Personally, I think anyone who says that “anyone who [X] is [Y]” is a jerk off, but I digress.

My opinion about the Washington NFL club is simply this: The logo and uniforms are fine, but it's probably time to change the name. I've always maintained that the question of whether American Indian names, images, themes and motifs are appropriate for sports teams generally is a separate question from whether the word "Redskins" is an appropriate moniker for a sports franchise. It should be clear by now that it isn't. I think the names "Indians," "Braves," "Chiefs" and "Blackhawks" are fine, as are the logos of the latter three as they currently exist, and that of the Seattle Seahawks which is based on Indian art. I think the Cleveland club's "Chief Wahoo" logo should probably go away (and the club appears to be slowly, gradually, and very quietly, phasing it out) because it's an obvious racist caricature, and the Atlanta club's "Chief Noc-A-Homa" should stay retired -- a decision the club wisely made by abandoning a proposed batting-practice cap last season.

I was also having a discussion in the same forum where someone claimed that the University of North Dakota was “forced” to abandon its “Fighting Sioux” nickname; I took exception to the word “forced” and pointed out that while the NCAA did pressure the university to change its name — which it is perfectly within its rights and prerogative to do — the ultimate decision was the result of a lengthy deliberative process with full public and private participation. It was done, I pointed out, rather democratically, not by "force." Yet my counterparts continued to insist, “They were forced! They were FORCED! FORCED!!!!” Apparently, there's no difference between arbitrary force and the good-faith exercise of public and private forums and democratic institutions to effect change by exerting social, economic and political pressure.

The word “forced” implies arbitrary and unjustified coercion, but more than that, it implies that the so-called “force” victimized whoever was on the receiving end of it. The University was FORCED to change the nickname of its athletic teams, and was thus victimized by whoever FORCED it to do that. It’s the ubiquitous victimization language that bothers me, being tossed about so casually by people who are not really victims but for some reason feel the need to take a victim's stance.

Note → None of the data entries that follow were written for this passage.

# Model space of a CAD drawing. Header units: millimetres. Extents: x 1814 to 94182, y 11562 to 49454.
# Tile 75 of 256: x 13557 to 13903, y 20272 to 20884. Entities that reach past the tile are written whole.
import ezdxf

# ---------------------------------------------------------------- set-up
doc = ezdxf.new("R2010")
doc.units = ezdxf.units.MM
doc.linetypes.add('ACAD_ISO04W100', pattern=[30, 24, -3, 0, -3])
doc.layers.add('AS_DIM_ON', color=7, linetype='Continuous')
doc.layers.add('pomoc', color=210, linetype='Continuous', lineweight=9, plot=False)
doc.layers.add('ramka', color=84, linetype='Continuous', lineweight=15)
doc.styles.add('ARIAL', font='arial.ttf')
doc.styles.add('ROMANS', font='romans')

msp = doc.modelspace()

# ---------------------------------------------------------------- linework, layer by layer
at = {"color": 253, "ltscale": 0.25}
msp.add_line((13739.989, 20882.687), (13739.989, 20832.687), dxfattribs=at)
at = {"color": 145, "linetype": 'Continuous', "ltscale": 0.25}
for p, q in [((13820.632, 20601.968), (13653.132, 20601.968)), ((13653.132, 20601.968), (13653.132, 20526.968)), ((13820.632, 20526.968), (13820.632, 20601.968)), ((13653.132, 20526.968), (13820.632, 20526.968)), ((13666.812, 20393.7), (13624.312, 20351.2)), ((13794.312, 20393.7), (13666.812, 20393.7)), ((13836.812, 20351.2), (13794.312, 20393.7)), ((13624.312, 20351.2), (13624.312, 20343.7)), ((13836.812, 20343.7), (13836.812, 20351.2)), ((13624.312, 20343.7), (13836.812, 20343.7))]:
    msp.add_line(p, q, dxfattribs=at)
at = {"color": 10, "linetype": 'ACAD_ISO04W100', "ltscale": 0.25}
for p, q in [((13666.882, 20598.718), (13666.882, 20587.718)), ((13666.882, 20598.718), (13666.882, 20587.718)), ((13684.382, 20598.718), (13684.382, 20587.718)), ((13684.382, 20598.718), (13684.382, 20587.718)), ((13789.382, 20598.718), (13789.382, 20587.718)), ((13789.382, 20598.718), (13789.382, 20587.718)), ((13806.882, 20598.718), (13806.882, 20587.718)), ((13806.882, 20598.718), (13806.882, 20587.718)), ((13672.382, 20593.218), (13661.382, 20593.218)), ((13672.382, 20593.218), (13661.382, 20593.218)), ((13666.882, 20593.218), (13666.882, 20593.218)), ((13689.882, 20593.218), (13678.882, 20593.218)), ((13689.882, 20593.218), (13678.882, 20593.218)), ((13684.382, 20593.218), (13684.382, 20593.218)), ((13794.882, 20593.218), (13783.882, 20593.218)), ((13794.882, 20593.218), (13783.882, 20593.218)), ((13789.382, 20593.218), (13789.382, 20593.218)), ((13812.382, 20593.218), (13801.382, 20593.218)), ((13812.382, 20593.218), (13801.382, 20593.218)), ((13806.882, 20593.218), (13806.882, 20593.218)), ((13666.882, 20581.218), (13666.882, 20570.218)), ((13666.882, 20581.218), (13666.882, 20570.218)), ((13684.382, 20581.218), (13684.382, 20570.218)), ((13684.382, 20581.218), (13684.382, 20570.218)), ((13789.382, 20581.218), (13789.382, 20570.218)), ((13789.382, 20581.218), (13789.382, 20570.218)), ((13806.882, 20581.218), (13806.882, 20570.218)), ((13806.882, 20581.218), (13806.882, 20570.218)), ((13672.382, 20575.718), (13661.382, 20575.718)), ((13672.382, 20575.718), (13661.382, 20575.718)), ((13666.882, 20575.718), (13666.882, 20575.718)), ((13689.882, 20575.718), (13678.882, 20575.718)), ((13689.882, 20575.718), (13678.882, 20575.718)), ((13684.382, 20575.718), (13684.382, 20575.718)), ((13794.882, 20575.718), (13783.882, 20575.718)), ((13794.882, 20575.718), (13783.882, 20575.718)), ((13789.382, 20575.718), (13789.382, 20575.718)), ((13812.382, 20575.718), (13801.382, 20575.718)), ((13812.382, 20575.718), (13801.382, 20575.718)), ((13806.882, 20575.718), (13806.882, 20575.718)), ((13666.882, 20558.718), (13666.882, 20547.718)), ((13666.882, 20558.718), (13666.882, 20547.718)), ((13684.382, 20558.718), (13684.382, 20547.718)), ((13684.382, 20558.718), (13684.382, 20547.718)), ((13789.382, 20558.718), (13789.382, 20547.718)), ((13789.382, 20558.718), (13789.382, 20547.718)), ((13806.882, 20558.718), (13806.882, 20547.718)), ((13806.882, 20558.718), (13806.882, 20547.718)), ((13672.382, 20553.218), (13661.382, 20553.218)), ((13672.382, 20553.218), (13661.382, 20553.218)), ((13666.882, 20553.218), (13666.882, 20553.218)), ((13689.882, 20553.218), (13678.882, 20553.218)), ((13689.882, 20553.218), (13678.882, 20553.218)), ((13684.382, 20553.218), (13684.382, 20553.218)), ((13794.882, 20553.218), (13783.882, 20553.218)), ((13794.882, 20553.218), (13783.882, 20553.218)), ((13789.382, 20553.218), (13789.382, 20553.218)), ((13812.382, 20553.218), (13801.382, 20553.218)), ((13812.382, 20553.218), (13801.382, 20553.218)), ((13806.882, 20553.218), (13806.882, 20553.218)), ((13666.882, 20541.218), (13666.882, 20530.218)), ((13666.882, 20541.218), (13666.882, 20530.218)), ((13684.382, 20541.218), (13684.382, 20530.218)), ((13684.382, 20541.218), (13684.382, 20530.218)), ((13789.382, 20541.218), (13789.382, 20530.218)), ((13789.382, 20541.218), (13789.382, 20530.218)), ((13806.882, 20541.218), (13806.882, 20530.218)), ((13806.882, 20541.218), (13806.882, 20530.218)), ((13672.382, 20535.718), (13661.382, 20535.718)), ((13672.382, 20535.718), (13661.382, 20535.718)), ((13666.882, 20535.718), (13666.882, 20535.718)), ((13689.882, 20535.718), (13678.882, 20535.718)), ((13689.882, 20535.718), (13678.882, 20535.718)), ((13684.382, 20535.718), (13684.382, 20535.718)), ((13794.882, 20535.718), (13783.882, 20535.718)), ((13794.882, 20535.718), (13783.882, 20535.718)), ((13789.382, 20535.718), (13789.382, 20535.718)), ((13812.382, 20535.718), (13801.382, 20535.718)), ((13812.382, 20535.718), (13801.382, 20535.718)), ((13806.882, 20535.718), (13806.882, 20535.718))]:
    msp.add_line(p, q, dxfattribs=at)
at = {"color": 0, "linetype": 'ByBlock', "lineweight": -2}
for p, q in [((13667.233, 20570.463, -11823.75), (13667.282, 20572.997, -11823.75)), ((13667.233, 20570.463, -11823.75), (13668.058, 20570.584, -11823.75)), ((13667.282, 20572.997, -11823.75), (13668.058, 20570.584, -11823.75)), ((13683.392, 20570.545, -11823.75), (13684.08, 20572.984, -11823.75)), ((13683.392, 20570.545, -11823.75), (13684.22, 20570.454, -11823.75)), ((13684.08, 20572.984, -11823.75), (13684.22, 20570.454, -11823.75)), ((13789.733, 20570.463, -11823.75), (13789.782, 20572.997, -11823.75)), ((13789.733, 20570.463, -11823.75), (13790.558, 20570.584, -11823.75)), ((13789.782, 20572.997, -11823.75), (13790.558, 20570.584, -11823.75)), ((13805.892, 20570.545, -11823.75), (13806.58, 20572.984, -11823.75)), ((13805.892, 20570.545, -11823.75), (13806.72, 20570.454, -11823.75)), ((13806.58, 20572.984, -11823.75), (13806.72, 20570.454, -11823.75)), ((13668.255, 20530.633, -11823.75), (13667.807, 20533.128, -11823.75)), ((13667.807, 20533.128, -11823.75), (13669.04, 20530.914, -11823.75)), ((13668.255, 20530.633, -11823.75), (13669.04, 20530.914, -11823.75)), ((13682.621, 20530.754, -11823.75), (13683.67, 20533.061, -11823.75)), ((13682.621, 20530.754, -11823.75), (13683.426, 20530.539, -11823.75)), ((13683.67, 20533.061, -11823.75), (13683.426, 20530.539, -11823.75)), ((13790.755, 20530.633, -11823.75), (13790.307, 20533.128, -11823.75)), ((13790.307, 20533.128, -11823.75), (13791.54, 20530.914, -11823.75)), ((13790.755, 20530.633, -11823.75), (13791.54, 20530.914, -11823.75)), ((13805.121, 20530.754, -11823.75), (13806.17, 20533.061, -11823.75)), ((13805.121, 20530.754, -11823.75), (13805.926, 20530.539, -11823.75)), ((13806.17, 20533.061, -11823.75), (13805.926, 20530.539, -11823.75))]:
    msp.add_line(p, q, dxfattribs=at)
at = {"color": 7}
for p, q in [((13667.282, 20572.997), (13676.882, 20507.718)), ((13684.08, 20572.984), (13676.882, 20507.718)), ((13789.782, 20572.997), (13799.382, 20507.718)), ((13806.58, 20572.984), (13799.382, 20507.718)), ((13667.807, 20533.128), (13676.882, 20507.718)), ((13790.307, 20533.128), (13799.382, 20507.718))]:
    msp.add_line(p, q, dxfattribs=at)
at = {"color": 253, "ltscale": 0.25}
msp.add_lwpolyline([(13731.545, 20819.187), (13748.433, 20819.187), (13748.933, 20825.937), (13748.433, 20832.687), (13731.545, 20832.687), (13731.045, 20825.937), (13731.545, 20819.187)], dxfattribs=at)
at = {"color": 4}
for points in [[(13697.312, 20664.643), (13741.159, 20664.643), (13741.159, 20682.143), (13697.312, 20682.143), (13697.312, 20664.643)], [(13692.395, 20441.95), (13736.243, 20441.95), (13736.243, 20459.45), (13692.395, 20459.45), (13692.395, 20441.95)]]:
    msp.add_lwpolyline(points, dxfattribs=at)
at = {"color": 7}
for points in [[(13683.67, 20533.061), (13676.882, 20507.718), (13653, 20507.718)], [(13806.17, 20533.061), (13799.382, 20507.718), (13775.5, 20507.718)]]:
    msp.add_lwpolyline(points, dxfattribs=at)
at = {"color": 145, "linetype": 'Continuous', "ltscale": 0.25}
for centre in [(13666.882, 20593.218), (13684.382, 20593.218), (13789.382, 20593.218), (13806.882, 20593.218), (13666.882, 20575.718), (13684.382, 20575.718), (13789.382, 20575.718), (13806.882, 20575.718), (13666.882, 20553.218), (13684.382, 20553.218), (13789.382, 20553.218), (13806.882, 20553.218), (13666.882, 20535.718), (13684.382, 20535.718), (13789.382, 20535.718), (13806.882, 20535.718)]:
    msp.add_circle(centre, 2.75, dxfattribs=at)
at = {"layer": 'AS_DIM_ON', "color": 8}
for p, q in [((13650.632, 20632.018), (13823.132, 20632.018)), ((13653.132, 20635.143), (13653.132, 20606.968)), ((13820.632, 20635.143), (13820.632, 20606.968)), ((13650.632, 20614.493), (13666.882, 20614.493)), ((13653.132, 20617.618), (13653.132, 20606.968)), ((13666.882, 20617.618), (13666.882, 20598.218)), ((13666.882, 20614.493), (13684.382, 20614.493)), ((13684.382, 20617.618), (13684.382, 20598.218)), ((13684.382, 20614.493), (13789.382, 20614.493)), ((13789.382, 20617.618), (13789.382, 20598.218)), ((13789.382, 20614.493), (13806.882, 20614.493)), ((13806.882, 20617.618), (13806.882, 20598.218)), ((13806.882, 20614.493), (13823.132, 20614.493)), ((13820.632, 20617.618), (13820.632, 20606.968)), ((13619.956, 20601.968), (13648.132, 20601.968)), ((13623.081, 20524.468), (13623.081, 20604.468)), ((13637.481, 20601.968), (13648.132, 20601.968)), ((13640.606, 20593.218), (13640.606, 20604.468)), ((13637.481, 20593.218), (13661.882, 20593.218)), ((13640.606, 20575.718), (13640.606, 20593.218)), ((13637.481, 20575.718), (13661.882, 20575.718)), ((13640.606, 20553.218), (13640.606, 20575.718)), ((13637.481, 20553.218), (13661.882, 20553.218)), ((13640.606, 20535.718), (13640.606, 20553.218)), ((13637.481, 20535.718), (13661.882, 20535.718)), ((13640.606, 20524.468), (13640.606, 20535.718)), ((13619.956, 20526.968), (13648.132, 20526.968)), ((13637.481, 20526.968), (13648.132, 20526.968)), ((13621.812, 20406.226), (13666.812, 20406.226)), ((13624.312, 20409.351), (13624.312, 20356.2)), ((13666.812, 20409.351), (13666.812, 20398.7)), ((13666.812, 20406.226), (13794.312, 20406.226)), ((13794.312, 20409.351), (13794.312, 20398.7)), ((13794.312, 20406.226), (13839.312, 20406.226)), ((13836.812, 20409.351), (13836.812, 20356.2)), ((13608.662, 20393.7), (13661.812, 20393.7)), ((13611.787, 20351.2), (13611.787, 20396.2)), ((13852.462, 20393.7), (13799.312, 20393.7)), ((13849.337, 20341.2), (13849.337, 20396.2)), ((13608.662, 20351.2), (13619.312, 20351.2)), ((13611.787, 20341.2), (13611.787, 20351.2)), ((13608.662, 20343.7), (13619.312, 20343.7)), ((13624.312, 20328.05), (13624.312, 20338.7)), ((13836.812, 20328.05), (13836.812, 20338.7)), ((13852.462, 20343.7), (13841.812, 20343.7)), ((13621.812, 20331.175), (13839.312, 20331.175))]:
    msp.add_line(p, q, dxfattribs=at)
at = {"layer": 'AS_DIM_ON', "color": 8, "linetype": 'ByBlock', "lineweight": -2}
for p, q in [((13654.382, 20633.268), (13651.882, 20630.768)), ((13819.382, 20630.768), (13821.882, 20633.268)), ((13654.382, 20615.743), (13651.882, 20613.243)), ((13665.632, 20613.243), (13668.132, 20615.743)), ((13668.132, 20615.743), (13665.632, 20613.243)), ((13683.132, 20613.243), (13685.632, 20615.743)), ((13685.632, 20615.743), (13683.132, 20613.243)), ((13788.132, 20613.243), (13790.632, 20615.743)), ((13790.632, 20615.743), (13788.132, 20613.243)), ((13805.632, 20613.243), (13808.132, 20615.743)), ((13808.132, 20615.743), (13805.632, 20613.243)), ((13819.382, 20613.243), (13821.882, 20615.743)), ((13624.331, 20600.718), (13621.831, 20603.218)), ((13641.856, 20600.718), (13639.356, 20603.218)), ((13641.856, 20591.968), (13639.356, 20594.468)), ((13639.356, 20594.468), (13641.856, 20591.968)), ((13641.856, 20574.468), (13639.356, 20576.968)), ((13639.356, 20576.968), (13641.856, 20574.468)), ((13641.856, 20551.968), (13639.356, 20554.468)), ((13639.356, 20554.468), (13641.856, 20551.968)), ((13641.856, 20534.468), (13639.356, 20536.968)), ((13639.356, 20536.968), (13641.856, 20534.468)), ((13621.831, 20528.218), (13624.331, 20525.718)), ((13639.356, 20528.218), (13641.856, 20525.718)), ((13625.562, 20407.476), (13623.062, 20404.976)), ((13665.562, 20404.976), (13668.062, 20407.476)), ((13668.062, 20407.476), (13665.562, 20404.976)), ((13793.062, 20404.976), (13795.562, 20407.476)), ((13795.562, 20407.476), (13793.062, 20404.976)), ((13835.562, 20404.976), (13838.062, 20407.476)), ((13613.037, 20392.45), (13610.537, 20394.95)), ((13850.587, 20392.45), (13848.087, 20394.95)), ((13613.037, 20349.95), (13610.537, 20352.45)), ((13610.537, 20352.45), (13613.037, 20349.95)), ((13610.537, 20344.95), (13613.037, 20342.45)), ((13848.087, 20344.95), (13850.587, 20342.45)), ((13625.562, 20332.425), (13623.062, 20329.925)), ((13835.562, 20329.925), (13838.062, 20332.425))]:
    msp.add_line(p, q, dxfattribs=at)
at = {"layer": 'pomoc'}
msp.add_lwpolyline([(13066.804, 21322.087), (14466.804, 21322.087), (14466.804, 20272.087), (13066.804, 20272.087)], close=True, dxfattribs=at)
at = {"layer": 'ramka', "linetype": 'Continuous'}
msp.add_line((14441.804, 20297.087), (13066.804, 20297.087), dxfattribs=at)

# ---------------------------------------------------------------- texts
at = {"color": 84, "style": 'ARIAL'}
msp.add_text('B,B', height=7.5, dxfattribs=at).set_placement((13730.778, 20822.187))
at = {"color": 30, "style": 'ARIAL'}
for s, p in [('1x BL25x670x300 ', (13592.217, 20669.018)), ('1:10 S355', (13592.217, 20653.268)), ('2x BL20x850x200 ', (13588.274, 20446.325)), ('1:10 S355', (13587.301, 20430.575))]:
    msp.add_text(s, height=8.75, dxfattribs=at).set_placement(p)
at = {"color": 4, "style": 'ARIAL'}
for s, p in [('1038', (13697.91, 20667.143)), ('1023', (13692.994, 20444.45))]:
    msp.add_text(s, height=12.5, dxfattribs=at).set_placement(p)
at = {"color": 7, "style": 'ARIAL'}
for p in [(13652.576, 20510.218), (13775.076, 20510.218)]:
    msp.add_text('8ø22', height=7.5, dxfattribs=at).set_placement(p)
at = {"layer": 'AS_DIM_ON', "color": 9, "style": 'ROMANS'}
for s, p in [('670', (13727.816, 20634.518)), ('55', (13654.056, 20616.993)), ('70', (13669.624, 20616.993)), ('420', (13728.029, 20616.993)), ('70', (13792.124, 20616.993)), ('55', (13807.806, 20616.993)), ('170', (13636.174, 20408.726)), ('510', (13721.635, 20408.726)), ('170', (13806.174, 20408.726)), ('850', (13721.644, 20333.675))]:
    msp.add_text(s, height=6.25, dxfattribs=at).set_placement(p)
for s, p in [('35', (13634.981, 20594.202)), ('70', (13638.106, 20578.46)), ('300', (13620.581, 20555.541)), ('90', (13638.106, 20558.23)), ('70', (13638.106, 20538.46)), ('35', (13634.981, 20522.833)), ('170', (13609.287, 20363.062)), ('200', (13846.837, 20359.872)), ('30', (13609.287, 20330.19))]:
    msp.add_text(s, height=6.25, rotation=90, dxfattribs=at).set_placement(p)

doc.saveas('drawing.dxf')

Some folks can’t talk about anything without casting themselves as victims, or victims-by-proxy; one political faction in particular that we all know so very well can always be counted on to use the word “forced” in every other sentence, referring either to themselves personally or some ideologically-aligned cohort as being "forced" to do things like participate in civilization and treat other people with respect.

I could not help but notice, although I refrained from commenting upon, the irony of complaining about contrived victimization by contriving victimization.

The paroxysms of passive-aggressive snark that come out of this issue are truly a sight to behold. Not only are we trying very, very hard to make victims of ourselves, but also to make hypocrites out of everyone else.

"Now we have to change every team's nickname just because it might offend someone."

"I'm tall, and I think 'Giants' is offensive. I demand they change it!"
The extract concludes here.